The right tools depend on the level of distress, the quality of the assets and the willingness of stakeholders to negotiate.
Consensual negotiations
For many portfolios, the best starting point is private, commercial negotiations.
Borrowers, lenders and investors may be able to agree waivers, standstill arrangements, covenant resets, revised amortisation or partial disposals without a formal insolvency process.
This route can preserve value, reduce cost and maintain confidentiality. It also depends on credibility. Lenders respond better when borrowers provide clean information, realistic forecasts and a workable plan.
Refinancing and capital restructuring
Where the asset base is sound but the debt is wrong, financial restructuring can focus on the capital structure itself.
That may mean replacing short-term debt, bringing in new capital, extending maturities, selling non-performing loans or rebalancing the mix between senior debt, mezzanine finance and equity.
For high-value portfolios, refinancing is often linked to wider questions of ownership, tax efficiency and future exit plans. The cheapest capital is not always the best capital if it restricts control or narrows future options.
Corporate restructuring
A corporate restructuring may involve simplifying SPVs, separating operational businesses from property ownership, revising shareholder arrangements, resolving JV misalignment or reorganising group liabilities.
For real estate companies with multiple assets, this can make the difference between an orderly solution and a drawn-out value leak.
Done well, corporate restructuring can:
• Ringfence risk
• Improve reporting and governance
• Make refinancing more achievable
• Simplify a sale
• Give investors and lenders clearer security and cleaner decision-making
Formal restructuring and insolvency tools
Where negotiations cannot resolve the pressure, formal tools may need to be considered.
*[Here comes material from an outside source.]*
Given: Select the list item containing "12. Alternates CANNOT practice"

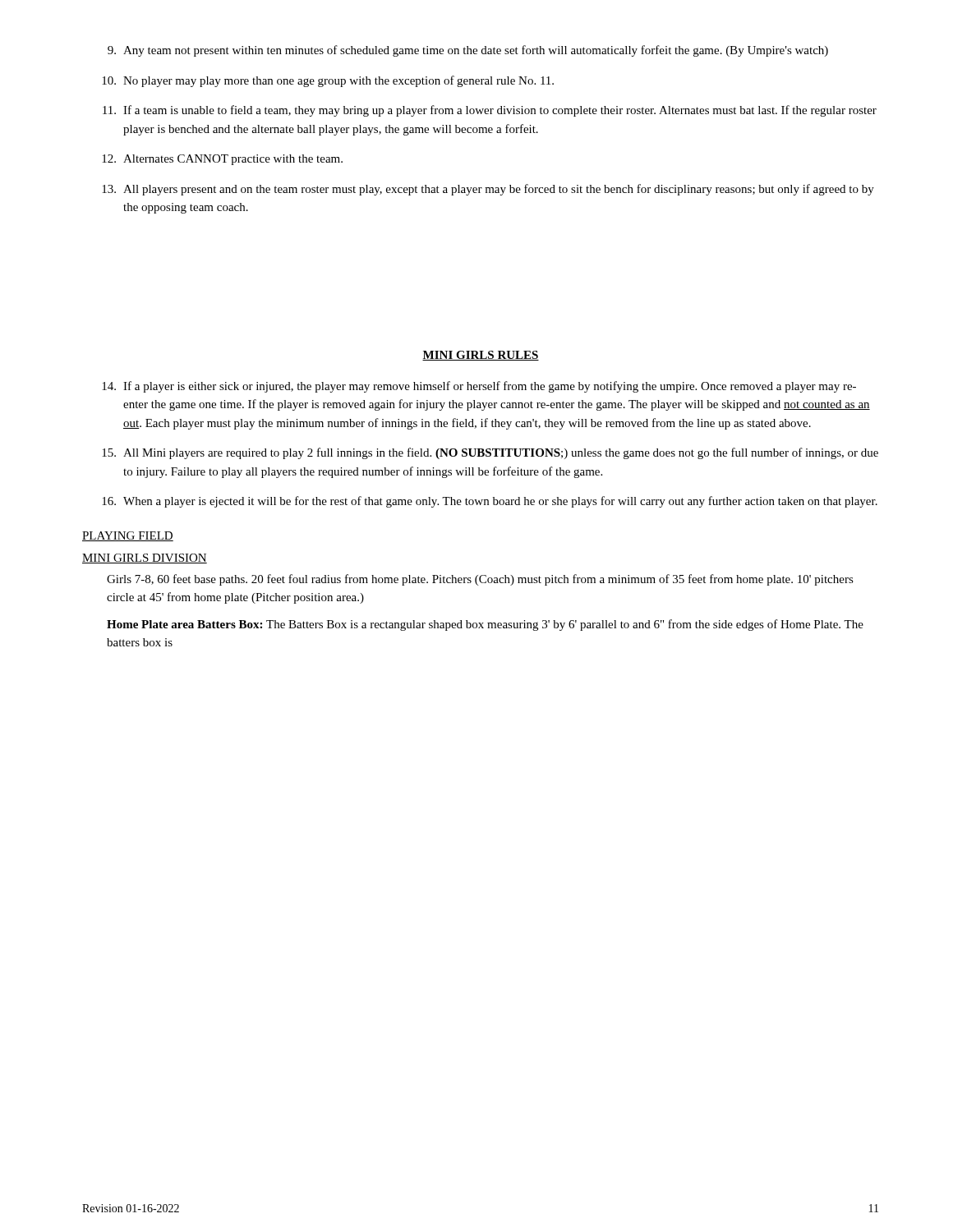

In the UK, that can include a moratorium, administration, a company voluntary arrangement in the right circumstances or a court-approved restructuring plan for companies facing financial difficulty.
These are specialist processes. They can be powerful, but they need careful handling. Formal insolvency should not be viewed as a loss of control in every case.
Sometimes it is the route that protects the most value, preserves the strongest assets and creates the clearest outcome for creditors and owners.